A few nights ago, after putting Sloane to bed, I found myself in the 30 min window span of cooking tofu, chicken and peppers to pack lunch, having Ken show me how to use a power drill so that I can drill holes into wooden poles for a project I'm working on, trying to finish reading a chapter of a memoir, and baking cookies for a ladies meeting the next morning. I had a moment of pressing the pause button to consider, what am I doing here, is this my life, do I like it? And I was relieved to find that the answer is a resounding YES. There are days when I don't get things done, when Ken and I have exhausting arguments, when I want a time-out and not do anything. But that's ok, because every morning, I get another chance. I know this. And I'm living it to the fullest by being both responsible in the day-to-day tasks and dreaming up things in the in between.  I'm being challenged, I'm allowed to rest, I'm learning as I go. I work hard and I do love to play hard. This is my particular life, and I love it.

And that's what I'm trying to say here. I love my life because I am grateful for it. 
When anyone asks me how I balance everything, there are a lots practical things I can run through to share what works for me (and maybe I'll do more of that here in the future), but the attitudinal answer to that is I try to never, ever, take things for granted. 

I have plenty of things that could get me discouraged and I could just as easily list them here, but what works better for me is to employ a mental exercise, one that I probably mentioned on this blog here before:

I bring everything in my mind down to zero, ground level, blank slate.  And then I start building. A healthy, able body: amazing. The ability to run and train to get stronger: wow. My family: fantastic. A husband like Ken: awesome. A daughter like Sloane: mind-blowing. Friends who care: remarkable. A house to live in: marvelous. Having a job: wonderful. My church: incredible. 

And on and on. Down to the nitty gritty details. It's stunning, when I start to get into it. And there is no good that can come out of looking at other people's towers to see what's going on there. Comparison usually leads to pride or dissatisfaction in a way that really puts a damper on the genuine gratitude you feel about your own life. 

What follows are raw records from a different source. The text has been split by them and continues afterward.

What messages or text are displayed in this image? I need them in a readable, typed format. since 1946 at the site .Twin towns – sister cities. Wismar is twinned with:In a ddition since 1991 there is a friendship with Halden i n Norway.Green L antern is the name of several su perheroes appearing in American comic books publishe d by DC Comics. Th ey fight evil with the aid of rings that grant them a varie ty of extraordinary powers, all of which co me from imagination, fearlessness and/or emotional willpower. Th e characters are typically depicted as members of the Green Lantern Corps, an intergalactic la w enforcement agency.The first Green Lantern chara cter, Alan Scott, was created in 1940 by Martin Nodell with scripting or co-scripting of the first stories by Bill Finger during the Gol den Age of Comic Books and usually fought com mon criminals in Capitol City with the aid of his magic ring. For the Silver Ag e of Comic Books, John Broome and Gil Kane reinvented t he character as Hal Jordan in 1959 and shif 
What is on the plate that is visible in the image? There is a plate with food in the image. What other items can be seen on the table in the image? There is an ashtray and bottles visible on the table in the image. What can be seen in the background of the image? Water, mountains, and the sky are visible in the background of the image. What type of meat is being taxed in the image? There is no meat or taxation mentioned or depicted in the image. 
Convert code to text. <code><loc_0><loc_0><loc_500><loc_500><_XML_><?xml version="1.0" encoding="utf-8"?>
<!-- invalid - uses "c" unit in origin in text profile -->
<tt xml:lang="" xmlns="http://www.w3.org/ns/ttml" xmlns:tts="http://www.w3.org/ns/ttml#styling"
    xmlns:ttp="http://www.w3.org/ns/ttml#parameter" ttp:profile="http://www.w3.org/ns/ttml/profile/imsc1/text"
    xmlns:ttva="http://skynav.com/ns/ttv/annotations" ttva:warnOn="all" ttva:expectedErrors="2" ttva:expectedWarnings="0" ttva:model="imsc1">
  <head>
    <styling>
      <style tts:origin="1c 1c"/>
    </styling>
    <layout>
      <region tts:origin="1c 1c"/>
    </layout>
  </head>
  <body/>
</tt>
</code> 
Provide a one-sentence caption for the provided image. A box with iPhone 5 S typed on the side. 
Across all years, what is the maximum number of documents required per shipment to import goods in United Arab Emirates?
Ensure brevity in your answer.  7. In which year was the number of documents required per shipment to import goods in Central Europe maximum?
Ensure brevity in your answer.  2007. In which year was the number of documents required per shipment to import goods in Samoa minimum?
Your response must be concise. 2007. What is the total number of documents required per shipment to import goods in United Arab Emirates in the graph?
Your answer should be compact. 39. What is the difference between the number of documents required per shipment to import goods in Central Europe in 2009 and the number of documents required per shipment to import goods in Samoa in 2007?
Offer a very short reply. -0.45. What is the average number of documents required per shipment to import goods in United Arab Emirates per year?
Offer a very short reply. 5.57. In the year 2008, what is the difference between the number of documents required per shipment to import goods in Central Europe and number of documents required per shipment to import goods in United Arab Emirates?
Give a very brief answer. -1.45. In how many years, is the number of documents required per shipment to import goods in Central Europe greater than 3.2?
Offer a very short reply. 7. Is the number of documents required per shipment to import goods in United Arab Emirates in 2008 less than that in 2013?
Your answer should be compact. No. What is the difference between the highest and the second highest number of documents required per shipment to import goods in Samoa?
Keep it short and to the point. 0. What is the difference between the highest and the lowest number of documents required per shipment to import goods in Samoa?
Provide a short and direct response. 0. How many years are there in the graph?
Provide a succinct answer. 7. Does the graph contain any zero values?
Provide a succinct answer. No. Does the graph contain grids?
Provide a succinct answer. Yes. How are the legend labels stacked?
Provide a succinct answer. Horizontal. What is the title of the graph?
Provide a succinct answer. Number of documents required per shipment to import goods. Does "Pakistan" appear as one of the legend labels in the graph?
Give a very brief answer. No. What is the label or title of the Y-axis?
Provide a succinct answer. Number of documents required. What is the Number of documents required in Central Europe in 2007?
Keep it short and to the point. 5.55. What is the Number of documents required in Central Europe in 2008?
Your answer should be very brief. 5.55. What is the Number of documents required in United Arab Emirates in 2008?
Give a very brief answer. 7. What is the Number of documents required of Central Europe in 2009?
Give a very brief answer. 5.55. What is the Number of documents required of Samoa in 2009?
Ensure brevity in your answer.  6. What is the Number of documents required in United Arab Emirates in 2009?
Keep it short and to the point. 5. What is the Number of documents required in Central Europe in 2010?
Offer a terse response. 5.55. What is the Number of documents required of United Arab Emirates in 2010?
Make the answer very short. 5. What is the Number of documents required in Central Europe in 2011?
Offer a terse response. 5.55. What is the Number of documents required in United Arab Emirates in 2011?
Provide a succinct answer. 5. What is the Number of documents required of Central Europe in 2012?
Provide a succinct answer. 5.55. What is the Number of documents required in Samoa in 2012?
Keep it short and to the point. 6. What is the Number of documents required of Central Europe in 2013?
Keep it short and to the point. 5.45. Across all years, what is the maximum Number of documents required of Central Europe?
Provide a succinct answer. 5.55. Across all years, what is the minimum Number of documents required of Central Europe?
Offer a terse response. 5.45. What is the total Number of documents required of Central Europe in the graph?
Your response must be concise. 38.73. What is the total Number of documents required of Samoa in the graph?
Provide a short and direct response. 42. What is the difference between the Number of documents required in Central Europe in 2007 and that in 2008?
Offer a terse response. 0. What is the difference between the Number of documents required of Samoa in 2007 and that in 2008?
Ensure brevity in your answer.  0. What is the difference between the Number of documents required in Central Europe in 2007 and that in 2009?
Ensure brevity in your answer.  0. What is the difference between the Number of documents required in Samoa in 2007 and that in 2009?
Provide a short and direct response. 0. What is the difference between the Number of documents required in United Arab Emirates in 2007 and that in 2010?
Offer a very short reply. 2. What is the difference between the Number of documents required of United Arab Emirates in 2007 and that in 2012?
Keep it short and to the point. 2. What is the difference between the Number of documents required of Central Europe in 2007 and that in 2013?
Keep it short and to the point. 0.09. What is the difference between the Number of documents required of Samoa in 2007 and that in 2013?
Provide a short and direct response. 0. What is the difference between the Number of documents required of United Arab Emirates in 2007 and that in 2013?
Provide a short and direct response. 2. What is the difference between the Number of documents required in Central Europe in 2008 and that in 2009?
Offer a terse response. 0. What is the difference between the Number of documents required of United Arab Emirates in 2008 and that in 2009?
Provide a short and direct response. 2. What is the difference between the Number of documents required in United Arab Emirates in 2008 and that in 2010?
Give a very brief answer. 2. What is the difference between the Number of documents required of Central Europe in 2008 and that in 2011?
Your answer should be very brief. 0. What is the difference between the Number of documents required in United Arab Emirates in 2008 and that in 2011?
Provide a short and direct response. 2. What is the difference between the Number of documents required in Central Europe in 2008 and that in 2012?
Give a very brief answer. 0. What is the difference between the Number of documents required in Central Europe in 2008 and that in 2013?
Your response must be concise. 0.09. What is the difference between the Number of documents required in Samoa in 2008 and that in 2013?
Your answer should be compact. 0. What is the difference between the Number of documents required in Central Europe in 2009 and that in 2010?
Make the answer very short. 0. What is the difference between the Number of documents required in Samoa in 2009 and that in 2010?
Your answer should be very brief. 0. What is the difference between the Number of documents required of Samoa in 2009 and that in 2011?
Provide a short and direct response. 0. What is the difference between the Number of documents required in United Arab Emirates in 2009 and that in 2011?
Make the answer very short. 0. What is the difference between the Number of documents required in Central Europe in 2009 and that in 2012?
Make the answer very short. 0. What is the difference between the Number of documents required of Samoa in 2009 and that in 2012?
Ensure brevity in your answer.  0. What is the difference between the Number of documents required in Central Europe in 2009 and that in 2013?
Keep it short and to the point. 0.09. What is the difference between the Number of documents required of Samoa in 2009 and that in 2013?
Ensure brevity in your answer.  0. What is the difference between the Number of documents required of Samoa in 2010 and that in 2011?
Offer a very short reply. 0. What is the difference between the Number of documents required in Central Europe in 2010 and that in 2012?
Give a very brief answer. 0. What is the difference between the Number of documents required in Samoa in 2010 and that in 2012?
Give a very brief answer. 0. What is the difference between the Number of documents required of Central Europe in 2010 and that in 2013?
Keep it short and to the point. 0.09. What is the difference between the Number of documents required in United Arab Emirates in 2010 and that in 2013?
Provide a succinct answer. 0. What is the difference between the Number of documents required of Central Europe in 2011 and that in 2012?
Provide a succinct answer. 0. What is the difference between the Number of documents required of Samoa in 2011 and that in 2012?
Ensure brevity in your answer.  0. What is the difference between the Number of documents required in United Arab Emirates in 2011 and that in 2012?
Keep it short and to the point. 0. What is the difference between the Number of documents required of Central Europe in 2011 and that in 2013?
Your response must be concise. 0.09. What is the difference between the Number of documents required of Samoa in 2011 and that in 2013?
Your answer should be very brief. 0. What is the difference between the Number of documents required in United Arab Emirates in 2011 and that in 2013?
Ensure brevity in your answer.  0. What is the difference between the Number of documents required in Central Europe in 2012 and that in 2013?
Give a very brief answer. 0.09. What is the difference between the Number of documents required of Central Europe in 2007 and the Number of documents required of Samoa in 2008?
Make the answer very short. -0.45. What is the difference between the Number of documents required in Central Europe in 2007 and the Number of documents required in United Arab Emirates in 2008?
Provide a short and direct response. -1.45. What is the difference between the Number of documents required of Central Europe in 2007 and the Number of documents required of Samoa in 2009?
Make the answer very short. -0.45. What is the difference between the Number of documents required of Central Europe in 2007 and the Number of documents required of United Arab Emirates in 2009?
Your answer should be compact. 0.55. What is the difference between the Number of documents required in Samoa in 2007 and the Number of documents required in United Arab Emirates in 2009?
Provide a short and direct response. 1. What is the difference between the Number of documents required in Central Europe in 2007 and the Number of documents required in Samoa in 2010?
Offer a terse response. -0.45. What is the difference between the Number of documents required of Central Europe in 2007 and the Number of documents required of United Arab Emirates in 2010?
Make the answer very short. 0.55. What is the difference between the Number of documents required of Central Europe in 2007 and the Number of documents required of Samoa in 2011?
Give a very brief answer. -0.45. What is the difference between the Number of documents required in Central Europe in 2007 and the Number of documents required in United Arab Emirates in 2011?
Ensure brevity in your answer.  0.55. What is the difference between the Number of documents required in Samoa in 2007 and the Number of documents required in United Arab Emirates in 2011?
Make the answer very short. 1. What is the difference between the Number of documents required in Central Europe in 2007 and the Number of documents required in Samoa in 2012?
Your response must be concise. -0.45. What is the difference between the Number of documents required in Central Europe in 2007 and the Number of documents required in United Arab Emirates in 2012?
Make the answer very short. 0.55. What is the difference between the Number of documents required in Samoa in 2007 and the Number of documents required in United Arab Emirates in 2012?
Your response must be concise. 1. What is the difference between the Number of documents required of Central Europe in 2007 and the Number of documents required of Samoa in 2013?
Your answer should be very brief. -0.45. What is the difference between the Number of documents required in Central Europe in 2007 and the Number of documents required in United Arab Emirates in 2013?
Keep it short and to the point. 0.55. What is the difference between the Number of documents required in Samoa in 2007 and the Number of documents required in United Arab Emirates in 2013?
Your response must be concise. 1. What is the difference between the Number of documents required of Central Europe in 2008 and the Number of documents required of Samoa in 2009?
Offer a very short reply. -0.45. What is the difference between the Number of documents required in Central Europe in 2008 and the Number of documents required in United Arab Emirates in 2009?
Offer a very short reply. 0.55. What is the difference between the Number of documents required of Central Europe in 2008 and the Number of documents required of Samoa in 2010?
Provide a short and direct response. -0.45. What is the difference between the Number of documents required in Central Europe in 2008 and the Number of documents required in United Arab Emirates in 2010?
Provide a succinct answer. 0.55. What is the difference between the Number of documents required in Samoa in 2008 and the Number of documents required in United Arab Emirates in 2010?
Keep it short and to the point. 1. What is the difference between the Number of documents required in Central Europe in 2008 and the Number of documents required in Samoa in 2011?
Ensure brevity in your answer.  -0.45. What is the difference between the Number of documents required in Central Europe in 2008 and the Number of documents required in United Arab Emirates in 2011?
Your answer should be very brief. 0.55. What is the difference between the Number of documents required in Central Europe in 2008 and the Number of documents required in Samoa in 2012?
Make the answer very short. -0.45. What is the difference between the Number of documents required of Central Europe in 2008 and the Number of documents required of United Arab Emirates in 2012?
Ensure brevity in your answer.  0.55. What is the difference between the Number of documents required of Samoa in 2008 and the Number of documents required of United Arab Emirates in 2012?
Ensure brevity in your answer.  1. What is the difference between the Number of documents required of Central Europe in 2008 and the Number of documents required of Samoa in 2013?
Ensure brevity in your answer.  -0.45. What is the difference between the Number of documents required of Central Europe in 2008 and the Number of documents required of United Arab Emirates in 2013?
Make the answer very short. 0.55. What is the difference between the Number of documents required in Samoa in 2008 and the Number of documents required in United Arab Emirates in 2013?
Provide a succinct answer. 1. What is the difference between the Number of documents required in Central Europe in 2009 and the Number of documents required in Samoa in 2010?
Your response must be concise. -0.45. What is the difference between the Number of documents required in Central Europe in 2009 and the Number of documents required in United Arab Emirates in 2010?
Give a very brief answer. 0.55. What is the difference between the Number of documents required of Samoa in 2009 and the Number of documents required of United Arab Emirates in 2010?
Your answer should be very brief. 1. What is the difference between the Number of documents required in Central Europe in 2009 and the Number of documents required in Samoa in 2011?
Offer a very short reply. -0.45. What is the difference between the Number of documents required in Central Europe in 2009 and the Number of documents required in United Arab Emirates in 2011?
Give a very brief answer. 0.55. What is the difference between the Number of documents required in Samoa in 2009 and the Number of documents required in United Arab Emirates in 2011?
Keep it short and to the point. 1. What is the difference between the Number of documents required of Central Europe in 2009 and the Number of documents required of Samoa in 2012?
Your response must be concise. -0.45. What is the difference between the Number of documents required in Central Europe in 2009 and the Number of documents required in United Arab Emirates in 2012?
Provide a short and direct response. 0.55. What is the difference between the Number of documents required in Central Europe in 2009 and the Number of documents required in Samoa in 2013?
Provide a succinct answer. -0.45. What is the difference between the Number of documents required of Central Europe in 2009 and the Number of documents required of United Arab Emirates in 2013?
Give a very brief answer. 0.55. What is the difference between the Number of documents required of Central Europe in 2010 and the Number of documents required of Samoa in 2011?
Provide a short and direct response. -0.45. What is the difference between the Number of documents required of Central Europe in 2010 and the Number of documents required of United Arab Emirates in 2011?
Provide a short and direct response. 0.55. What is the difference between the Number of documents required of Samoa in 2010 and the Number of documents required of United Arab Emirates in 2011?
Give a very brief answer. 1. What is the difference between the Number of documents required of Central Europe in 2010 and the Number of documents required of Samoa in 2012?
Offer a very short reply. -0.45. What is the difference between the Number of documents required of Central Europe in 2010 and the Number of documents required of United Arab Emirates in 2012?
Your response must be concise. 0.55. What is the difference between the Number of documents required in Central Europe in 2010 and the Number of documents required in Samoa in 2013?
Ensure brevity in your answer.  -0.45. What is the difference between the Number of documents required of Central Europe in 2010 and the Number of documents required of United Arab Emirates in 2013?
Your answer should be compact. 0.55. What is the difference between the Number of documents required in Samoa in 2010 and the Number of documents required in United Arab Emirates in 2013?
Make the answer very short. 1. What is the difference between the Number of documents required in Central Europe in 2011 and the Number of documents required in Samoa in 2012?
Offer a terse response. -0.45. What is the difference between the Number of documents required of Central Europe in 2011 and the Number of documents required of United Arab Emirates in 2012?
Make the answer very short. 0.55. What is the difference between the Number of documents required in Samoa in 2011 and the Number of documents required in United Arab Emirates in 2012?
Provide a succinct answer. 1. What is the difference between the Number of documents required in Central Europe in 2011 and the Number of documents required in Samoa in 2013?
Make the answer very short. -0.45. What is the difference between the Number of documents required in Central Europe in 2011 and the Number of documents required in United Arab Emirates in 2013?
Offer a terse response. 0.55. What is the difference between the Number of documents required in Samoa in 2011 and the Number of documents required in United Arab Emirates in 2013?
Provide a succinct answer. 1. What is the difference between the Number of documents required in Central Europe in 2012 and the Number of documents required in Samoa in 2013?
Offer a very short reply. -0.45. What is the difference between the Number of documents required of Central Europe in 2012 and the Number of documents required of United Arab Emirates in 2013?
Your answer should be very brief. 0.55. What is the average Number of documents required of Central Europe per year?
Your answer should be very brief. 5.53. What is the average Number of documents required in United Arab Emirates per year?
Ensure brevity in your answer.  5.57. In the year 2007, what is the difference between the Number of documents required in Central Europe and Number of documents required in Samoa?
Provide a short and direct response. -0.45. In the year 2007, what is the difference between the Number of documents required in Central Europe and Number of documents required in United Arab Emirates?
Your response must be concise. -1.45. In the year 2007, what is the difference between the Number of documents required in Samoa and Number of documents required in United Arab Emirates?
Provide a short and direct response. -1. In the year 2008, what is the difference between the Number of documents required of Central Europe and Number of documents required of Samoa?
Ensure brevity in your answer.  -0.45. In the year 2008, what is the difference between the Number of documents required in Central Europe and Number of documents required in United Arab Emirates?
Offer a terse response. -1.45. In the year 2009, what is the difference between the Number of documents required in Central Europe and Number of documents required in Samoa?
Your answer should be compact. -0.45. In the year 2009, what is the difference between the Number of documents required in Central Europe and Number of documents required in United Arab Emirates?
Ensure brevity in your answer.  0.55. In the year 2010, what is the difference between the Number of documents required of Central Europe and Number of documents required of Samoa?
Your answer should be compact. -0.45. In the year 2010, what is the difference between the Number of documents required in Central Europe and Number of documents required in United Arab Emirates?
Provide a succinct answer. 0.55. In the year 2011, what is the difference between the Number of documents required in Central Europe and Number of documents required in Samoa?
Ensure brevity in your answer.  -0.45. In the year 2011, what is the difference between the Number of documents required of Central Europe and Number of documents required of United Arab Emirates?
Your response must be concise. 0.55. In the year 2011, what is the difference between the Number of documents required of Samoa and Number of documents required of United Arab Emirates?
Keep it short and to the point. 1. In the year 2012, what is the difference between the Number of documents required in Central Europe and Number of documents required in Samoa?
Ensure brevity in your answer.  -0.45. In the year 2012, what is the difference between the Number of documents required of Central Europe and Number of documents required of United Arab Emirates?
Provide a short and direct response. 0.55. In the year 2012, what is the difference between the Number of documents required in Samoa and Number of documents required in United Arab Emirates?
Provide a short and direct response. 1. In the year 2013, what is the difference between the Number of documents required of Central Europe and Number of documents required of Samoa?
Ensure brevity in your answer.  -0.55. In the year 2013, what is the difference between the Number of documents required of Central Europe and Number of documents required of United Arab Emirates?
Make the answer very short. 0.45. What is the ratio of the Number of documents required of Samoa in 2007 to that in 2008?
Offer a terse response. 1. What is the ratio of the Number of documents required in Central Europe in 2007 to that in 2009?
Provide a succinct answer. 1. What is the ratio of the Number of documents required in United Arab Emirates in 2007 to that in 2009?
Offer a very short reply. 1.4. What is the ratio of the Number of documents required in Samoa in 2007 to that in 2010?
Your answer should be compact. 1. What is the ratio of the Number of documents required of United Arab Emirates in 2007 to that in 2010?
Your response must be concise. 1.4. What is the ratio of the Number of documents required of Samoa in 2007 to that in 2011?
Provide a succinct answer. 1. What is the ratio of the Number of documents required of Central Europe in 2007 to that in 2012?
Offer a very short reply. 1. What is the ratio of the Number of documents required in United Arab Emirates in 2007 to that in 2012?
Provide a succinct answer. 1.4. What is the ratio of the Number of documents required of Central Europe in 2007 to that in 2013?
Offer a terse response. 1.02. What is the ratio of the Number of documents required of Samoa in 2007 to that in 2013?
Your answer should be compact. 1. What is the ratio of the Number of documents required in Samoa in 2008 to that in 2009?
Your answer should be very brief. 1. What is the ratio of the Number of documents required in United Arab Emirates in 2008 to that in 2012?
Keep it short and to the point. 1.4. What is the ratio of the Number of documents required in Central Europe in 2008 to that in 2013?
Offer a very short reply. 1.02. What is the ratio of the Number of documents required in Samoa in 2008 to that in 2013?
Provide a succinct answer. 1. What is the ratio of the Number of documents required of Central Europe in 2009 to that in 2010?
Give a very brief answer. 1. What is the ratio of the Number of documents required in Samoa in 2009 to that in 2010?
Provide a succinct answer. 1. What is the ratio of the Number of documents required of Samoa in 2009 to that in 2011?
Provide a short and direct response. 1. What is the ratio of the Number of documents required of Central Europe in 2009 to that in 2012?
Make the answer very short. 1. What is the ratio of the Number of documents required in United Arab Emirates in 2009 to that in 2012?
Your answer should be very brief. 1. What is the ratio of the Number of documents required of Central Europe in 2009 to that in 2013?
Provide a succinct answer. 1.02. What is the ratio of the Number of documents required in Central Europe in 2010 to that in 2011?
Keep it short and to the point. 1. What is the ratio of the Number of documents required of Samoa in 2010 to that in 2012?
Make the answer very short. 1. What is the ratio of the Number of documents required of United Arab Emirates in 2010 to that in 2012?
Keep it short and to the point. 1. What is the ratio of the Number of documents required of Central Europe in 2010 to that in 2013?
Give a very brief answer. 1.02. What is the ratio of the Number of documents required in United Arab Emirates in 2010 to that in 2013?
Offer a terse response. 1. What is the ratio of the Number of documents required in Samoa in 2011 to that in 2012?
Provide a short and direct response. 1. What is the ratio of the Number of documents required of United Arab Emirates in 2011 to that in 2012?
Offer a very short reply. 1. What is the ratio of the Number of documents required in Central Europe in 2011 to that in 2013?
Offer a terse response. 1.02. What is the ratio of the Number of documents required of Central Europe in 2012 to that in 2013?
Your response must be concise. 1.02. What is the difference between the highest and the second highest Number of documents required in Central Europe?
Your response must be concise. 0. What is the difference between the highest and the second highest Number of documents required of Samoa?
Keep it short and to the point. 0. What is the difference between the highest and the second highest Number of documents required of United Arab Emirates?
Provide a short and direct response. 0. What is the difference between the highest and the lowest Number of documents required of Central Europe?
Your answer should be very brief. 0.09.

So here is how it boils down for me. You love your life when: 

1) you are amazed 
2) you are grateful 
3) you keep your eyes on your own paper


Not a necessary component, but what helps is having a toddler around who is constantly discovering the world anew. We went to the a harvest festival at a park last weekend where they had ... you guessed it, more farm animals! They had a pen with sheep, goats, donkey, pigs and the kids could walk in and walk right up to the animals to meet and pet them.

 Sloane's delight at this never ceases to amaze me.

We ran into Sloane's friends, Simone and Evelyn there bedorehand and while Ken and I were talking to their dad, Sloane and Simone went off to go sit down together and watch the ducks on the water. We turned around to find them like this. 

Hey, let's get out there this weekend and practice being amazed and grateful, shall we?